沈璃書手裏動作未停,“她倒是有心想要攀咬我,可惜,沒有找到機會。”

劉氏笑了笑,要是真的將事情牽扯到了坤和宮,這件事成不成、管挽蘇是否還能全身而退都值得打一個問號了。

整個事件中,最冤枉的人,當屬許鳶,高高興興過個生辰,誰知道有這樣一樁無妄之災,不過,倒也無人在意。

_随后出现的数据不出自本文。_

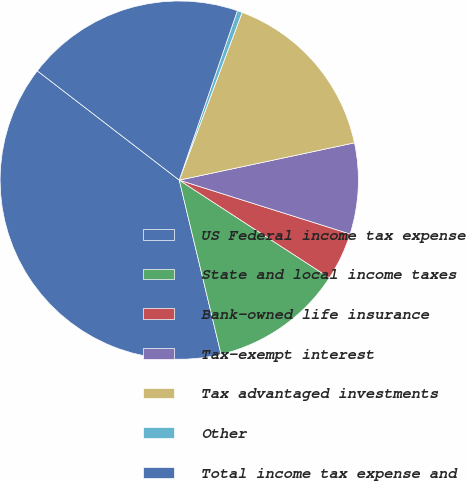Convert chart to OTSL. <chart><loc_0><loc_0><loc_500><loc_500><pie_chart><fcel>US Federal income tax expense<fcel>State and local income taxes<fcel>Bank-owned life insurance<fcel>Tax-exempt interest<fcel>Tax advantaged investments<fcel>Other<fcel>Total income tax expense and<nl><fcel>39.19%<fcel>12.07%<fcel>4.32%<fcel>8.2%<fcel>15.95%<fcel>0.45%<fcel>19.82%<nl></chart>

沈璃書將這件事放下,探頭過去問道:“姐姐你看,這一針我應該下在哪兒?”

劉氏回神,認真瞧了瞧,指了出來,再沒有提起這個話題。

在這一會兒,沈昭儀不過是個認認真真學習針線的後宮女子罷了。

在坤和宮消磨一上午,劉氏適時告辭,她沒有儀仗,只能自己步行回宮。

經過禦花園,卻看見明黃色儀仗往這邊行來,她一頓,忙靠邊行禮。

步輦一停未停,從她面前經過,直到儀仗完全從她面前消失,她方才起身。

鳴翠扶著她,頗有些抱怨:“皇上這一看便又是往坤和宮去,沈昭儀這麽多寵愛,卻不舍得勸皇上來一趟咱們殿裏。”

劉氏平日裏為人最是溫和寬容不過,當下卻臉色嚴肅的呵斥了鳴翠:

“慎言。你跟在我身邊多年,連什麽話該說不該說都不知曉嗎?”

鳴翠抿唇,“從沈昭儀還是沈姑娘的時候主子就與她交好了,這麽多年的情誼,沈昭儀卻舍不得為主子您謀些恩寵。”

這是在禦花園內,誰也不知道是否隔墻便會有耳,劉氏板著臉,“回宮。”

竹陽殿內,鳴翠跪在下首,劉氏看著她,問:

“你也知道,她如今是昭儀,我不過是個寶林,可你平日裏在後宮行事可有人為難你?”

劉氏從來不是話多的人,對身邊的人再寬厚不過,鳴翠從未見過她如此生氣的樣子,一時間有些後悔說那些話。

她誠實說:“不管禦膳房、還是內侍殿,從未曾有人為難過奴婢。”

她去禦膳房取膳,她們竹陽殿的膳食都比寶林的份例要高,葷素搭配著有食欲又有營養;內侍殿從來不克扣她們竹陽殿的用度,偶爾還會孝敬些份例之外的東西。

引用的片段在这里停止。